What were your thoughts on the choice of IV paclitaxel in combination with carboplatin and bevacizumab as initial treatment for this patient in our Twitter poll?

I think it's very reasonable. It's an FDA-approved regimen. We saw excellent benefit with progression-free survival for the addition of bevacizumab to the chemotherapy combination. And that is something that can be transitioned into maintenance strategy with bevacizumab and a PARP inhibitor. For patients like this who had really microscopic stage III disease, you also can choose to utilize the chemotherapy on its own without bevacizumab and then transition to the PARP inhibitor alone. So, I think all the options were good ones. And it really does get into details about people's practice patterns and what they feel most comfortable with.

The poll also showed that IV pegylated liposomal in combination with carboplatin was the least popular upfront choice. What is the efficacy around this treatment and why do you think few oncologists voted for it?

There's efficacy data to indicate that this is an acceptable option in the upfront setting. But I think the tried and true standard of care has been the paclitaxel and carboplatin based backbone. And I think that's what most people are comfortable with and what most patients tolerate very well. So, I think the pegylated liposomal doxorubicin is more utilized as an alternative strategy for patients that perhaps have pre-existing adverse events such as neuropathy that preclude the use of taxane or put them at higher risk for adverse events from a taxane. That’s probably the rationale and why the majority of our poll participants didn't choose that option.

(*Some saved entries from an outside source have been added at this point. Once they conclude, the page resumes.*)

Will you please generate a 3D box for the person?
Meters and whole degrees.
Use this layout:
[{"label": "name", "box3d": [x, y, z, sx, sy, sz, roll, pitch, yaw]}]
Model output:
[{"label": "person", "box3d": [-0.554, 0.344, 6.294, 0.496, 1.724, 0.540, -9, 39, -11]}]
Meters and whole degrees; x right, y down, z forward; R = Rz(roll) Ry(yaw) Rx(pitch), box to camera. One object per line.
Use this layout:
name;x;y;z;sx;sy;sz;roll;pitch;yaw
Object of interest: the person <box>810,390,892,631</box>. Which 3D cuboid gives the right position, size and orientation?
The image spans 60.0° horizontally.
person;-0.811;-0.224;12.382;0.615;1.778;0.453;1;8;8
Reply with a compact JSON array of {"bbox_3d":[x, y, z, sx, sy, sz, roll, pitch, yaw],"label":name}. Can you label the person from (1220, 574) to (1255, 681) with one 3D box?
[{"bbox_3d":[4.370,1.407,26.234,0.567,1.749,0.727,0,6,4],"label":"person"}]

During the tweet chat, you talked about your choice of PARP inhibitor therapy in the maintenance setting. Can you explain your choice?

We have great data now for a PARP maintenance with PARP inhibition in any woman with ovarian cancer, but it does seem that certainly having the biomarker matters. So, women that have either a germline or somatic BRCA mutation benefit the most from the use of a PARP inhibitor in the maintenance setting. If they don't have mutation, women that the finding of homologous recombination deficiency in their tumor will also benefit but maybe not as dramatically as those women with a BRCA mutation. And then even women that have no biomarker who are BRCA wild type and homologous recombination proficient can still benefit from a PARP inhibitor. However, it's not as profound of an effect.

These data are based on a number of upfront studies, including the SOLO1 study that explored olaparib as a single agent, in women with BRCA-mutant ovarian cancer. The premise study which looked at niraparib single-agent in an all comers population, so that's where our data for patients with homologous recombination proficient tumors come from. And that indication allows for us to treat any patient with niraparib. And then also the PAOLO-1 study, which combined not just olaparib but bevacizumab with the PARP inhibitor so that to see if that would provide additional benefit. Now, that study did not have an olaparib-only arm, so we don't know, for patients with BRCA mutations, if they would do better with the 2-drug combination as opposed to 1. What most of us do is if we've decided to utilize bevacizumab upfront, we will continue it and add the PARP inhibitor. But if we have not used bevacizumab, we won't add it in the maintenance setting.

Do you have any additional thoughts about this case?

I think it's a great case and I would anticipate this patient would do very well. I think her early onset into a physician's clinic and getting right into a GYN oncologist’s hands was critical going under undergoing the right surgery and then getting the right chemotherapy and maintenance options. The other point would be when you identify a BRCA mutation in a patient like this, you want to perform something called cascade testing, which is where her family is notified and tested as well, so that hopefully we can prevent future cases of cancer in their family.